Florida doesn't have any mountains to look at but we do have some primo clouds. Clouds have interested me ever since I was a kid, but since getting into windsurfing and studying marine science, both of which require learning about the roles of ocean and atmospheric circulation in weather and climate, I've developed a cloud obsession bordering on the unhealthy. Clouds are neat in themselves, but their patterns and changes over time tell an awe-inspiring story of the planet's life; its giant, slow breathing and pulsing movements of water, energy, and heat. One cloud pattern I love to watch in summer in Florida is related to the seabreeze / land breeze cycle that unfolds each day and night.
Sea Breeze is wind that blows from the ocean towards the land. It's driven by solar heating of the land during the day, which causes hot air to rise over the land, drawing cooler air in from the sea. If conditions are right the seabreeze forms tall, billowing clouds as it rises over the land. These are the source of Florida's summer thunderstorms, which are particularly intense over the middle of the state where the Atlantic Coast sea breeze coming from the east collides with the Gulf Coast sea breeze coming from the west.
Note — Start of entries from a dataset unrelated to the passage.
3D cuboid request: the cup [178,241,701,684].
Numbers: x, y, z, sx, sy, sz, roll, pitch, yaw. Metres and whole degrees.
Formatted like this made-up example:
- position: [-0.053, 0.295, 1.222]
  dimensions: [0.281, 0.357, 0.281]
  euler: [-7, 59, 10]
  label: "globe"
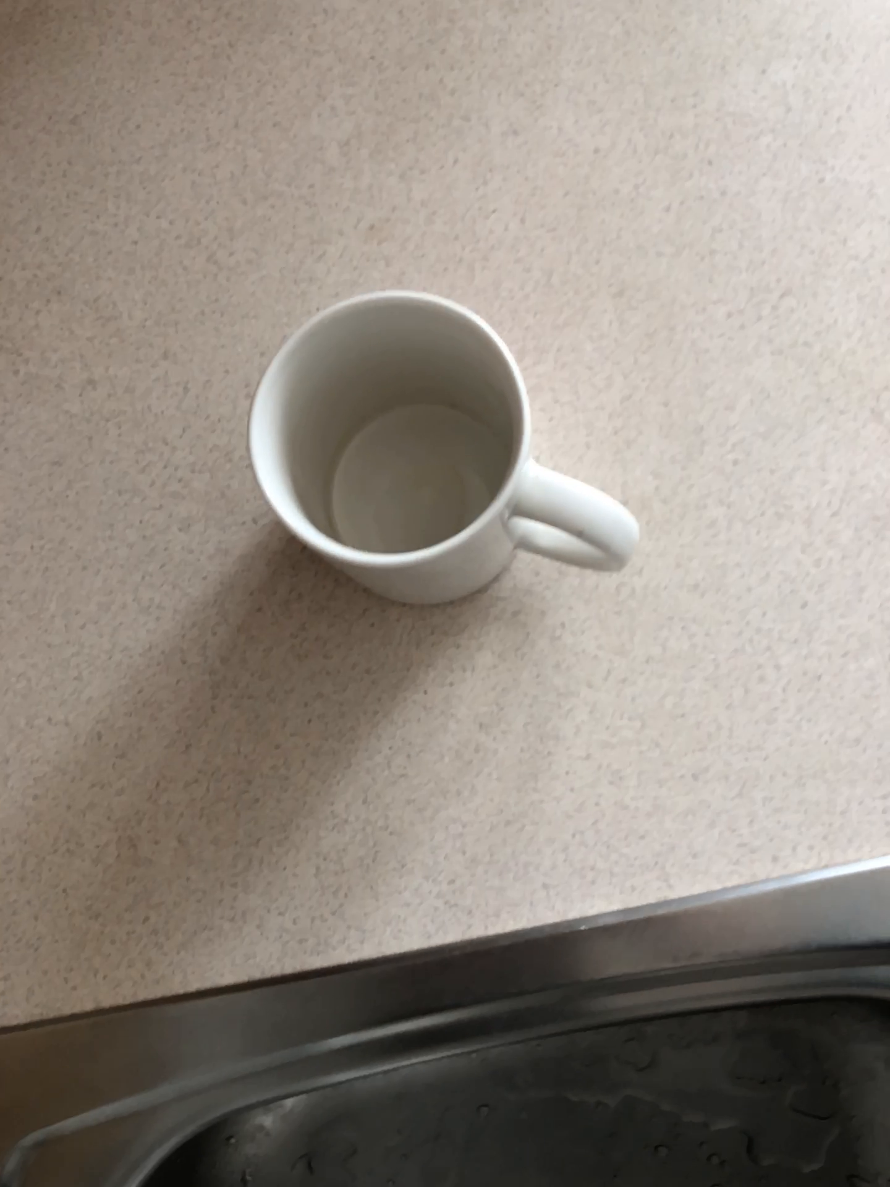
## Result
- position: [0.002, -0.033, 0.315]
  dimensions: [0.120, 0.099, 0.084]
  euler: [20, 85, 8]
  label: "cup"
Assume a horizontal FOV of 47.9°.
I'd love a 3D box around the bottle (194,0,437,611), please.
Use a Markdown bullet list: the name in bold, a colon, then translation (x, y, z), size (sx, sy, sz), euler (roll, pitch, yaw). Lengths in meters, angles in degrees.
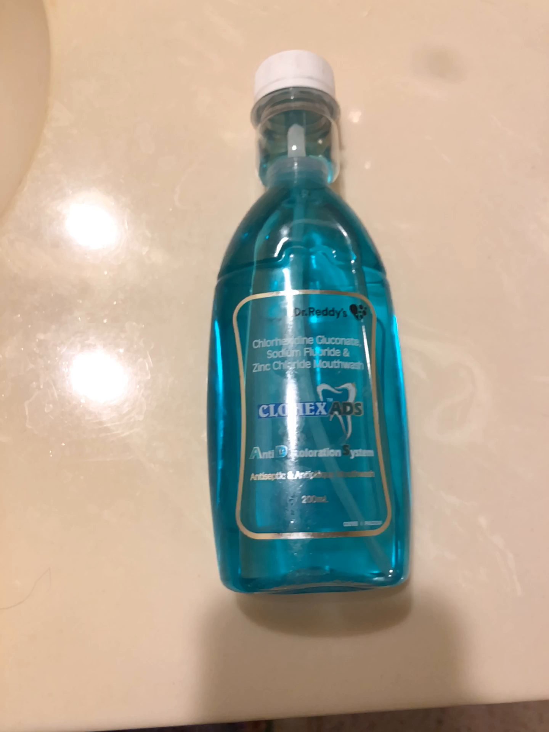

Land Breeze is the opposite of sea breeze. It's wind that blows from lands towards the ocean, when the ocean is warmer than the land so air is rising over the ocean and sinking over the land. It happens at night, because land cools off faster than water does. So when the sun sets in Florida the thunderstorms over land usually peter out, but majestic thunder clouds may form over the ocean. On summer mornings in Florida, especially on the Gulf of Mexico side, you can often look out and see gorgeous, side-lit walls of thunderclouds that formed over the ocean at night.
I can't see the beach from my apartment complex, but I know which direction to look to see those over-the-Gulf clouds, and they're often spectacular in the morning. Likewise, in the afternoon I look east to see the eruptions of storms forming inland, and I try to time my bike ride home from work to not get caught in them. Below is a comparison of the morning and afternoon skies today, demonstrating the pattern pretty well. (I should note that it's never exactly the same, and there definitely exceptions to the land clouds in the day, sea clouds at night rule, but the exceptions are interesting, too.)
Here's what the morning conditions look like on the iwindsurf.com radar. Land breeze pattern, with the activity over the ocean and nothing happening over land.
Here's what the afternoon conditions look like on the iwindsurf.com radar. Sea breeze pattern, with land heating generating rising air and thunderstorms over the peninsula, but not much going on over the waters.
This is the modeled wind strength and direction for the morning from iwindsurf.com. Air is still flowing off the land out into the ocean.
This is the modeled wind strength and direction for the afternoon from iwindsurf.com. You can see landward flow caused the seabreeze, plus locally increased winds around the thunderstorms.